简体繁体 English

无法使用pyTesseract读取文字

[英]Text cannot be read using pyTesseract

原文 2018-06-13 09:19:21 8 1 python/ ocr/ tesseract

I am trying to extract logo from the PDFs. 我正在尝试从PDF中提取徽标。

I am applying GaussianBlur, finding the contours and extracting only image. 我正在应用高斯模糊，找到轮廓并仅提取图像。 But Tesseract cannot read the text from that Image? 但是Tesseract无法从该图像中读取文字吗？

这是提取的图像

1 个解决方案

Removing the frame around the letters often helps tesseract recognize texts better. 删除字母周围的框架通常有助于tesseract更好地识别文本。 So, if you try your script with the following image, you'll have a better chance of reading the logo. 因此，如果您尝试使用下图的脚本，则阅读徽标的机会更大。

With that said, you might ask how you could achieve this for this logo and other logos in a similar fashion. 话虽如此，您可能会问如何以类似的方式为该徽标和其他徽标实现此目标。 I could think of a few ways off the top of my head but I think the most generic solution is likely to be a pipeline where text detection algorithms and OCR are combined. 我可以想到一些方法，但我认为最通用的解决方案可能是将文本检测算法和OCR结合在一起的管道。

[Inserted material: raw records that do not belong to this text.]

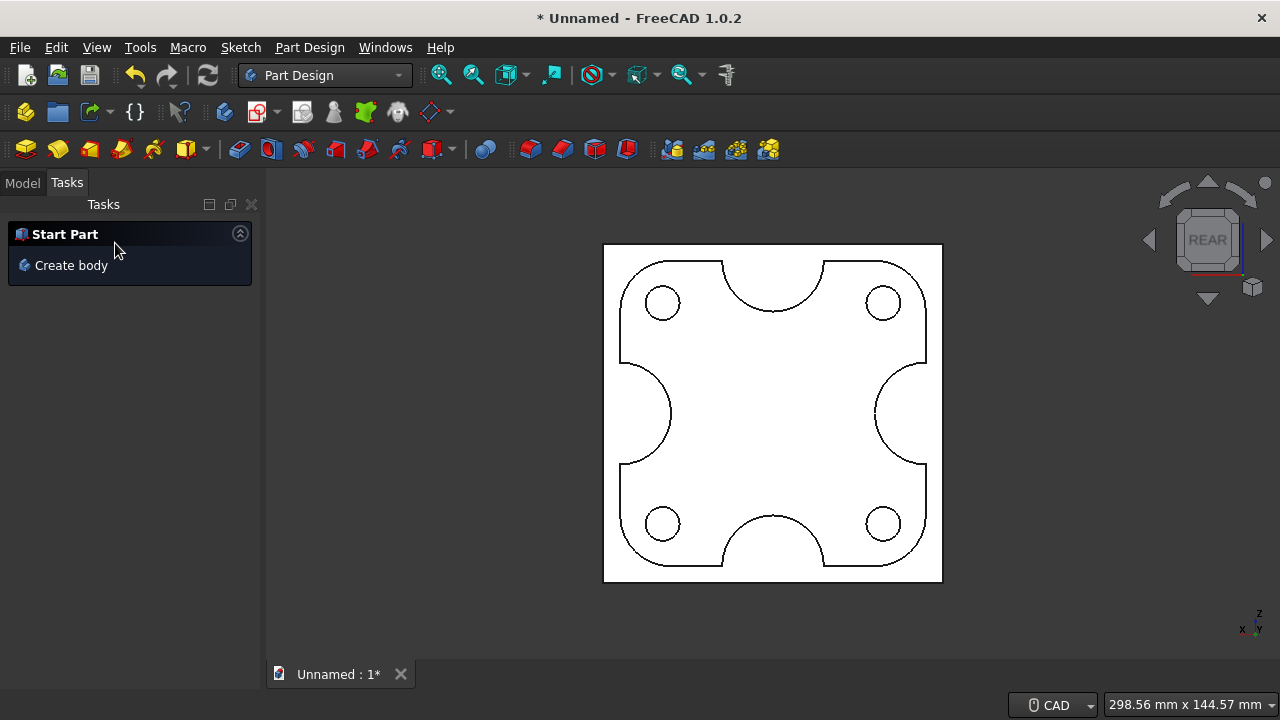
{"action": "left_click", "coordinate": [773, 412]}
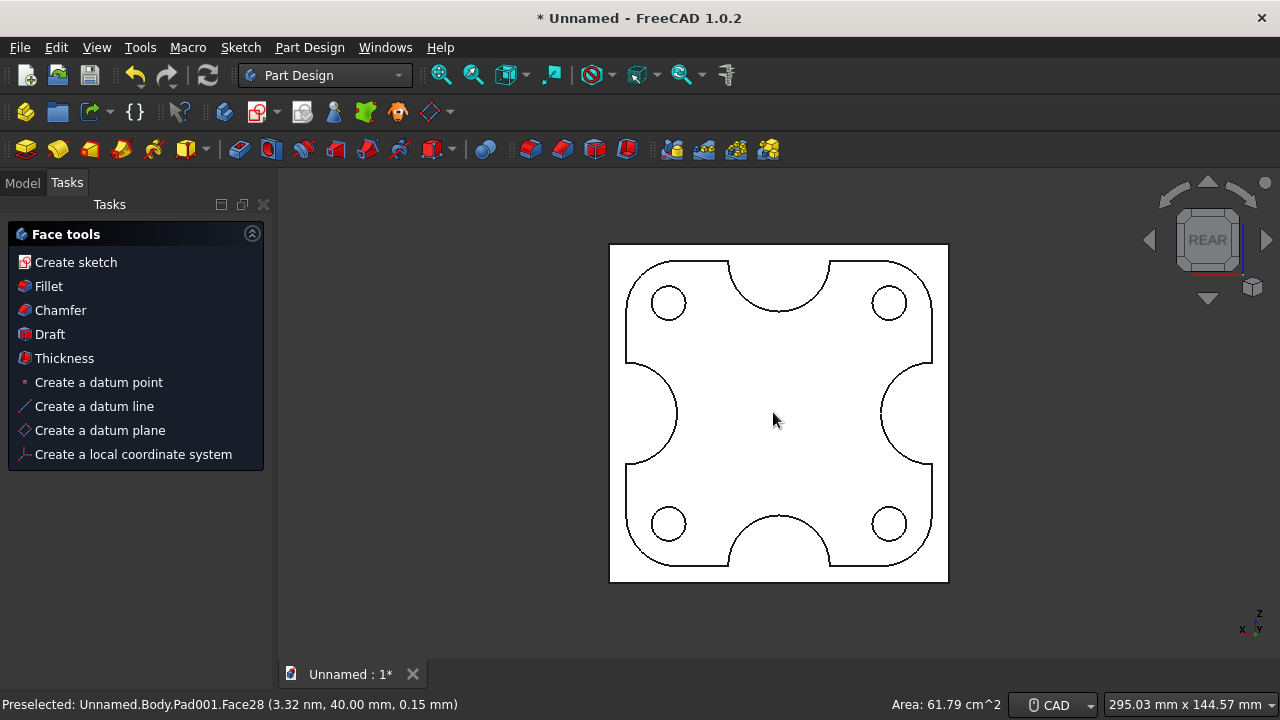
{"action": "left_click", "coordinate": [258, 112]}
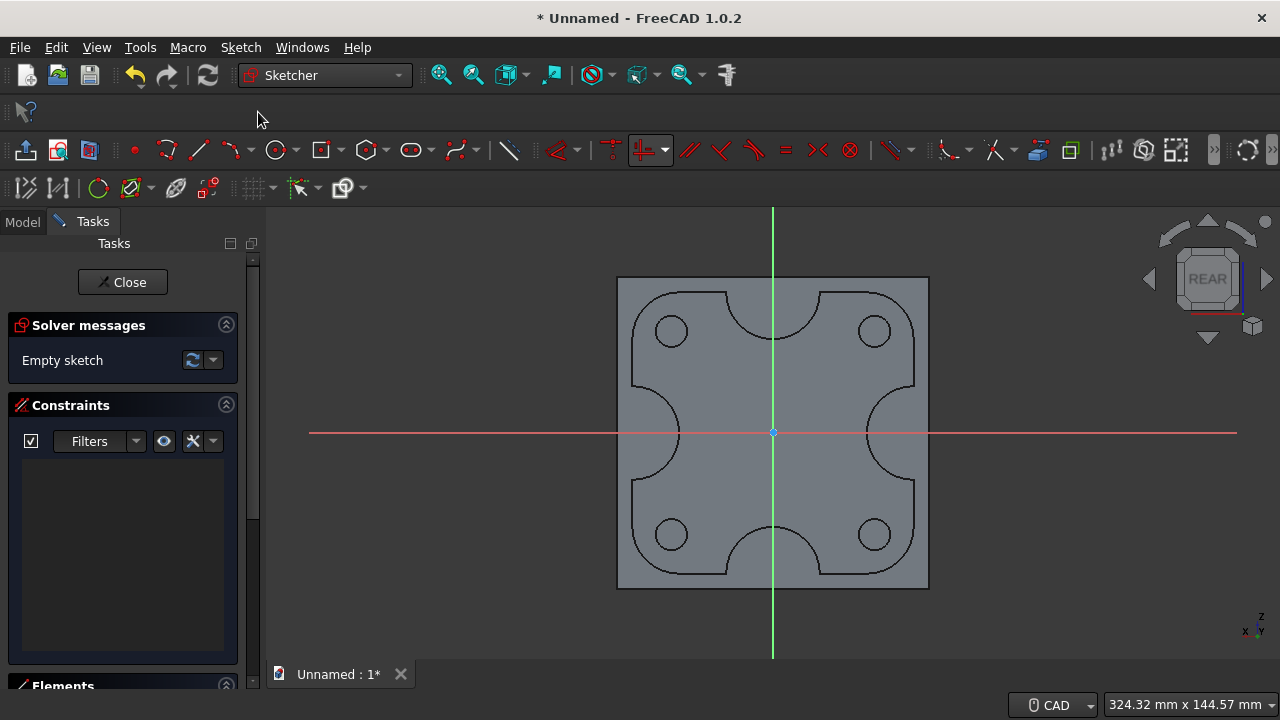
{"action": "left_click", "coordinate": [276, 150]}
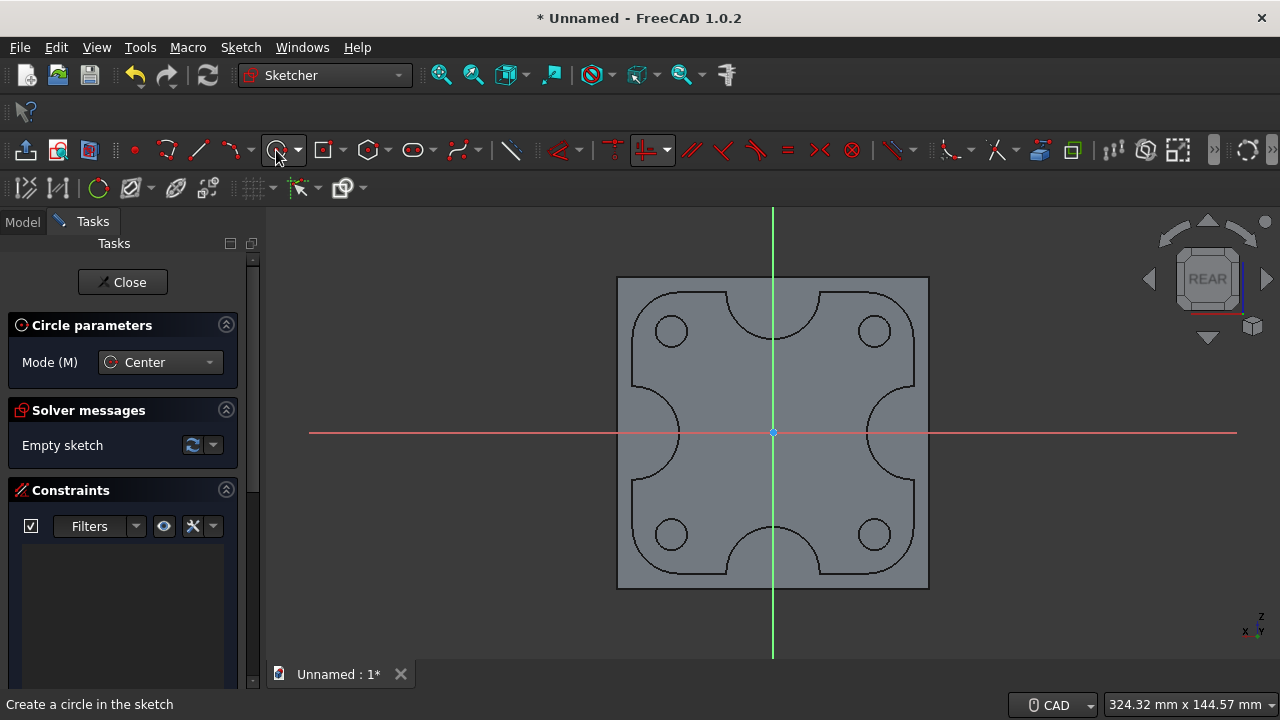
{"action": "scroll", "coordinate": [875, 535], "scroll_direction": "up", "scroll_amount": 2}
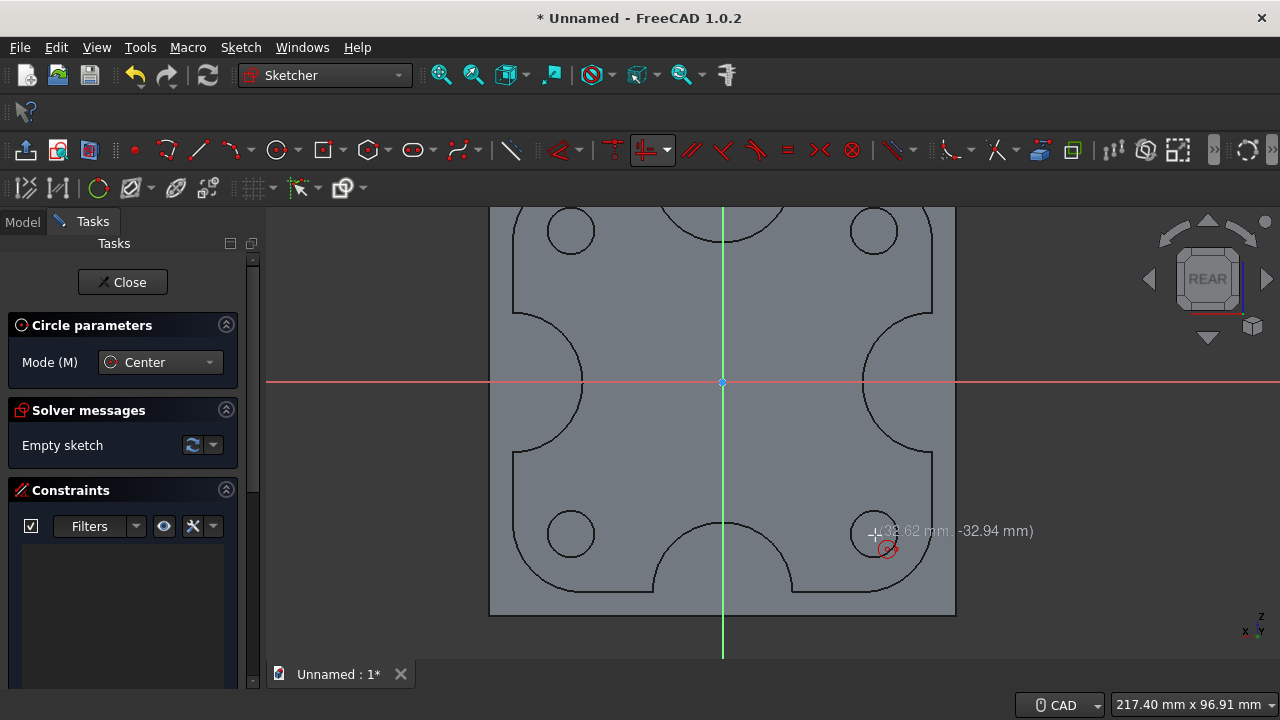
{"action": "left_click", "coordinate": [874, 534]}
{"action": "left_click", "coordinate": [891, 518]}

Thus, you might want to check out this repository that provides a text detection algorithm based on R-CNN . 因此，您可能想要检出该存储库，该存储库提供了基于R-CNN的文本检测算法。
You can also step up your tesseract game by applying a few different image pre-processing techniques. 您还可以通过应用一些不同的图像预处理技术来增强tesseract游戏。 I've recently written a pretty simple guide to Tesseract and some image pre-processing techniques. 我最近为Tesseract和一些图像预处理技术写了一个非常简单的指南。 In case you'd like to check them out, here I'm sharing the links with you: 如果您想查看它们，请在这里与您共享链接：
- Getting started with Tesseract - Part I: Introduction Tesseract入门-第一部分：简介
- Getting started with Tesseract - Part II: Image Pre-processing Tesseract入门-第二部分：图像预处理
However, you're also interested in this particular logo, or font, you can also try training tesseract with this font by following the instructions given here . 但是，您也对该特定徽标或字体感兴趣，也可以按照此处给出的说明尝试使用此字体来训练tesseract。